Rosa's Island
Page 23
She rose from her bed and, taking a shawl from the back of the chair, wrapped it around her. Her child, whom she hadn’t named, was in the wooden casket which Matthew had hastily made for him, beneath the window. She averted her eyes from it and stole out of the room and along the landing to her father’s room.
Gently she turned the brass knob. It yielded and she slid in through the door. She saw, by the light from the small fire which still burned in the grate, that her father was fast asleep in the bed which he had once shared with her mother. She took in a deep shuddering breath as she thought of what she was about to do, but even though in a confused and muddled state, she was determined.
She leant over her father’s sleeping form and put a hand on his flannel-clad shoulder. ‘Da,’ she whispered. ‘Da, wake up!’

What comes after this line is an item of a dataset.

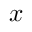Convert formula to latex. <formula><loc_0><loc_0><loc_500><loc_500>x _ { \, }</formula>

‘Huh!’ He gasped and opened his eyes with a start. ‘Ellen? No! Who is it?’
‘It’s Delia. I need to talk to you, Da.’
He sat up in bed and peered at her in the gloom. ‘Get out!’ he said in a guttural voice. ‘How dare you come in my room? You’re a wanton woman bringing shame on our name.’
‘I know.’ Tears thickened her voice. ‘And I’m sorry, Da. But I’ve thought of something, and the others and ’doctor and Mrs Jennings said I couldn’t do it, but I know that you’ll say I can.’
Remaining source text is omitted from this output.